I agree, people up to no good generally stick to easy targets. Hiking 10 miles (that was funny!) uphill both ways to accost a woman, especially a potentially armed one, on a 1,200 lb animal doesn't register to me as easy, lol!

The worst problems happen down on the river. Drunk idiots who want off the river for some reason or another would come up to the old house asking for a ride... Once we had a druggie group try and "borrow" our car at 6am. DH met them in the yard in his skivvies with a rifle!
I also catch ATV riders crapping in my driveway often, that really chaps my hide! I don't poop in your road!

It's rough country out here so I don't go far alone, never without a dog AND a gun (mostly to protect myself from bears and if my horse had an accident). But honestly the people that come out here are very polite, friendly, and just wanting to enjoy the reason I live out here, these breathtaking hills.
_Posted via Mobile Device_


----------



## Zexious (Aug 2, 2013)

Granted, I don't have nearly the trail riding experience that most of the people posting on this thread do (though I certainly hope to change that! <3) but I have never felt in any sort of danger--at least not from another person.

I feel like someone does need to worry less when riding a horse, simply because it's a much more daunting target than if you're just out jogging by yourself.


----------



## Oreos Girl (May 24, 2011)

trailhorserider said:


> Even fishing, we had someone steal gas from the gas tank of our truck one time when were were out fishing at night. We had just filled the truck up and when we started it up it was near empty! But we never had anything broken into or otherwise damaged. We've been very lucky.



Something off topic that I have wondered about. My little car with its 10 gallon tank, you have to push a button from inside the car to access the gas. My big truck with its 20 gallon tank, just the door opens. Why?


----------



## jamesqf (Oct 5, 2009)

Pretty much the same here. We ride in a National Forest, not parks, but it's fairly unusual to even see another human.

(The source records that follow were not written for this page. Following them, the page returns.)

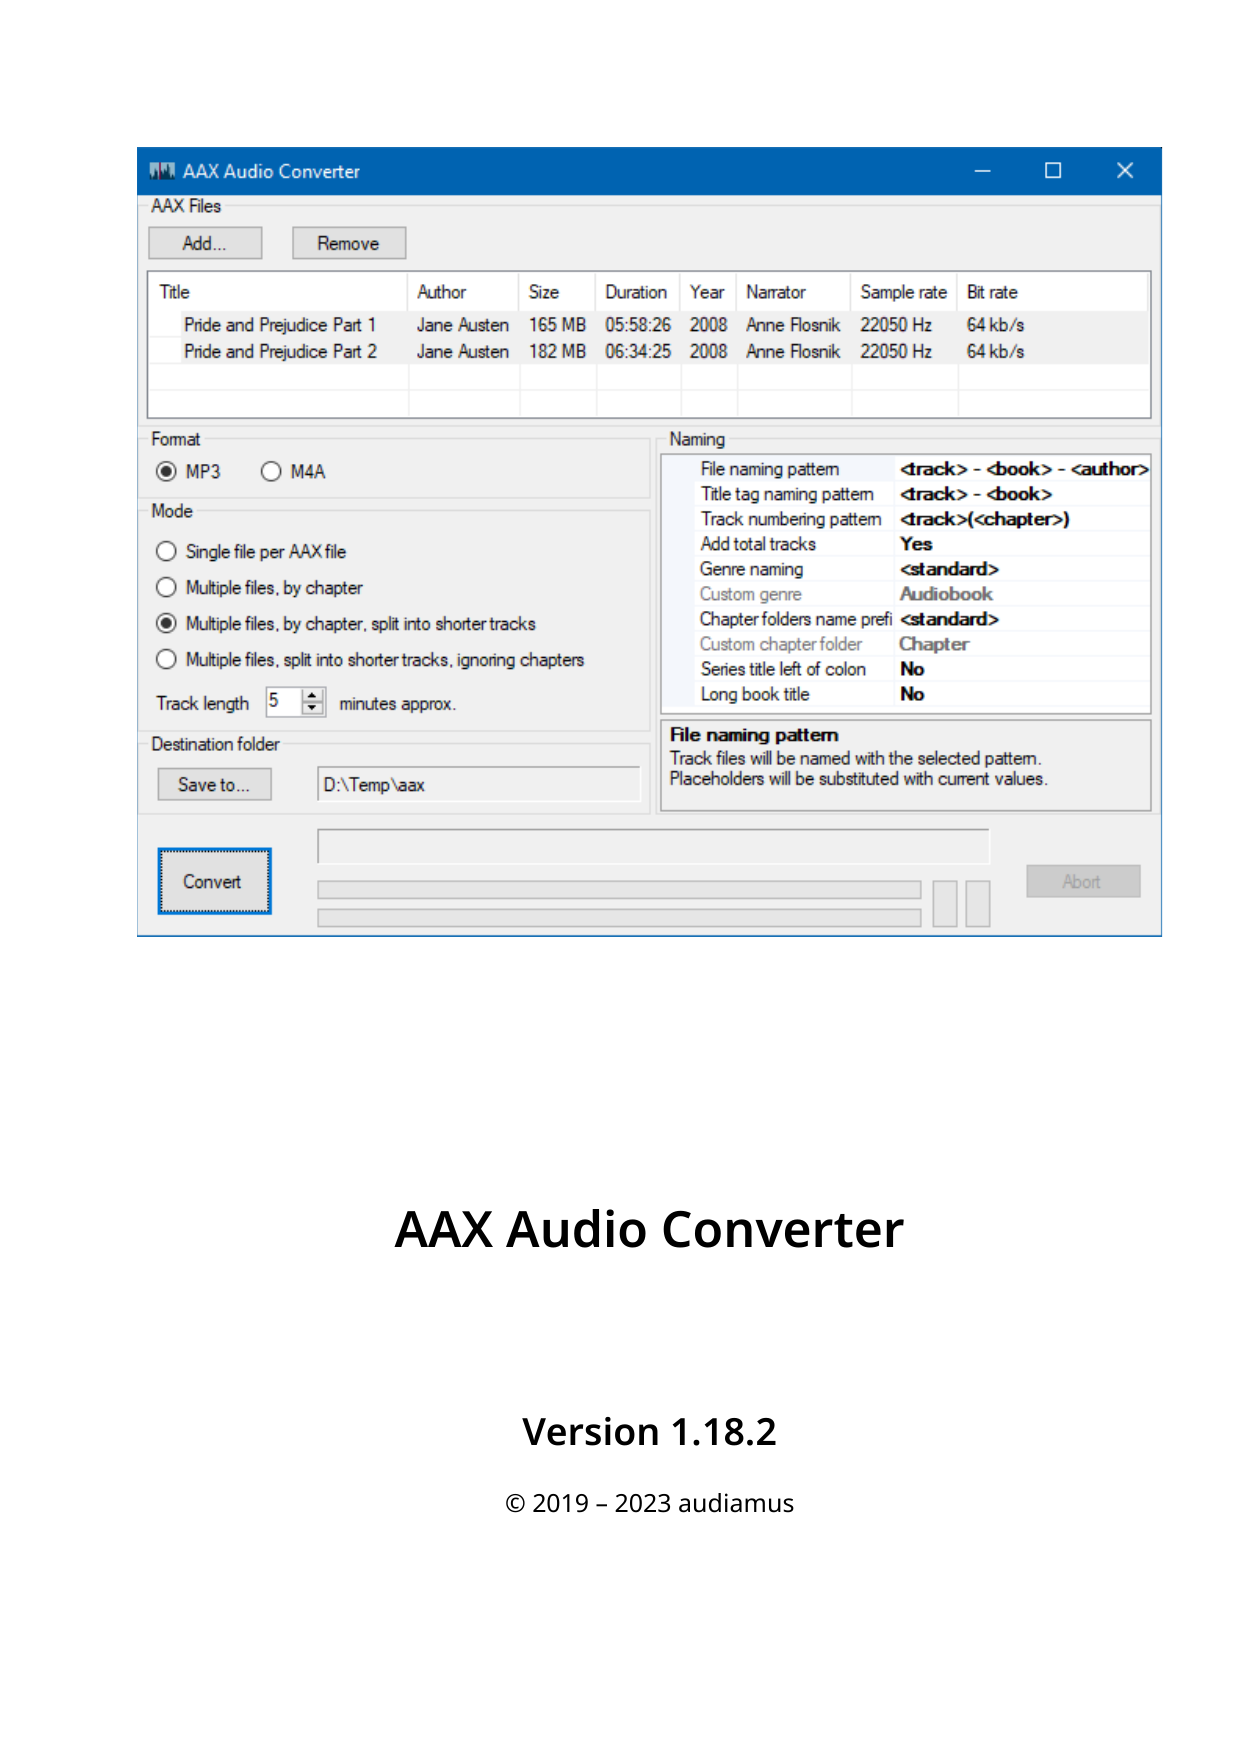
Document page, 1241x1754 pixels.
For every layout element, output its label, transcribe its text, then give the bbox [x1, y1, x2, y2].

subtitle Version 1.18.2 [148, 1406, 1152, 1457]
title AAX Audio Converter [148, 1194, 1152, 1262]
text © 2019 – 2023 audiamus [148, 1486, 1152, 1520]
picture [137, 147, 1163, 937]
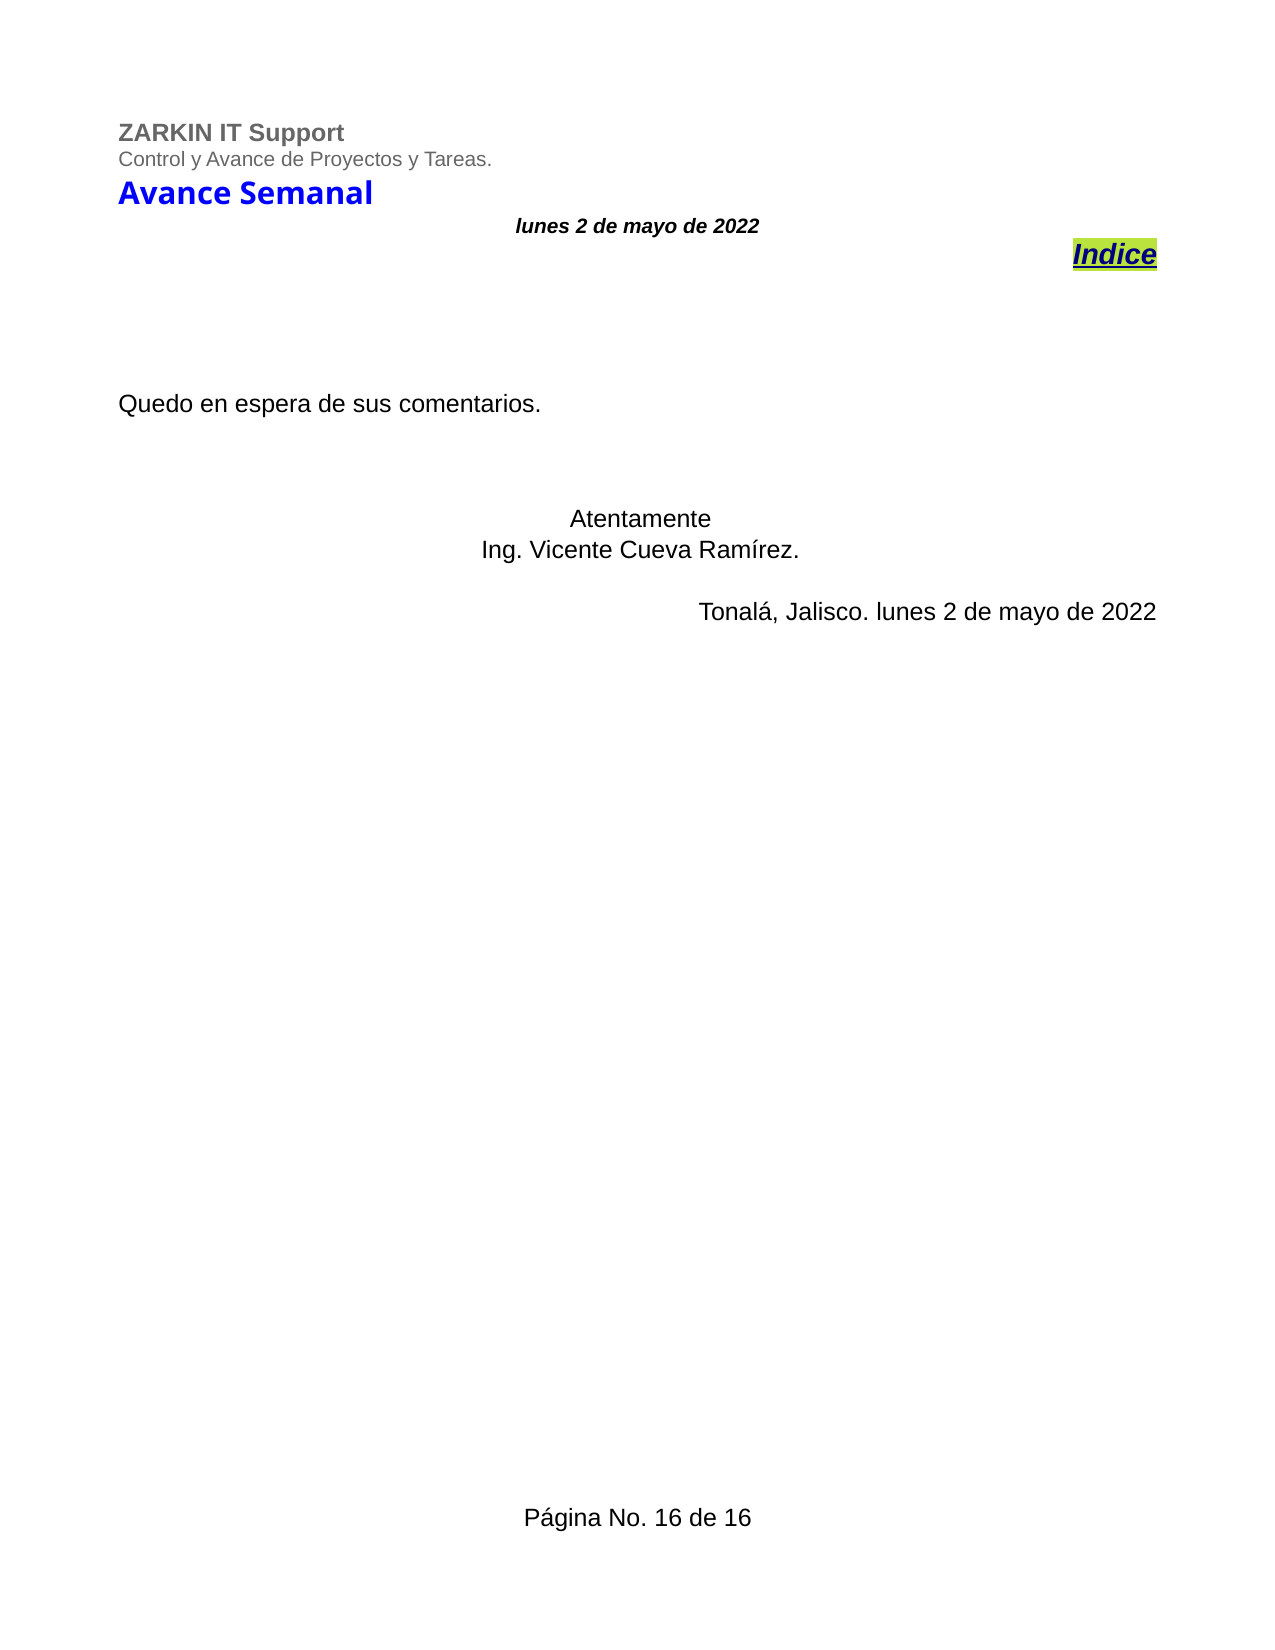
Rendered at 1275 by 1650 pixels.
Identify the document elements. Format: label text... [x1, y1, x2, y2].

For the 'bad guys', it's pretty much like any otther predator. When the lioness wants a meal, does she go rampaging through to bush hoping to stumble on prey? Or does she lurk quietly by the water hole, waiting for the prey to come to her?


----------



## Incitatus32 (Jan 5, 2013)

I really thinks it depends on your area. Yes crazy people are everywhere but I think it's just a wrong place wrong time scenario. When we come across aggressive dogs or bikers we usually just throw a rock at them or a clump of dirt. Dogs just go away when it makes contact and the bikers realize that we mean business. I've had one bad experience in my area and I kinda have to laugh at it now (maybe because I'm crazy lol). 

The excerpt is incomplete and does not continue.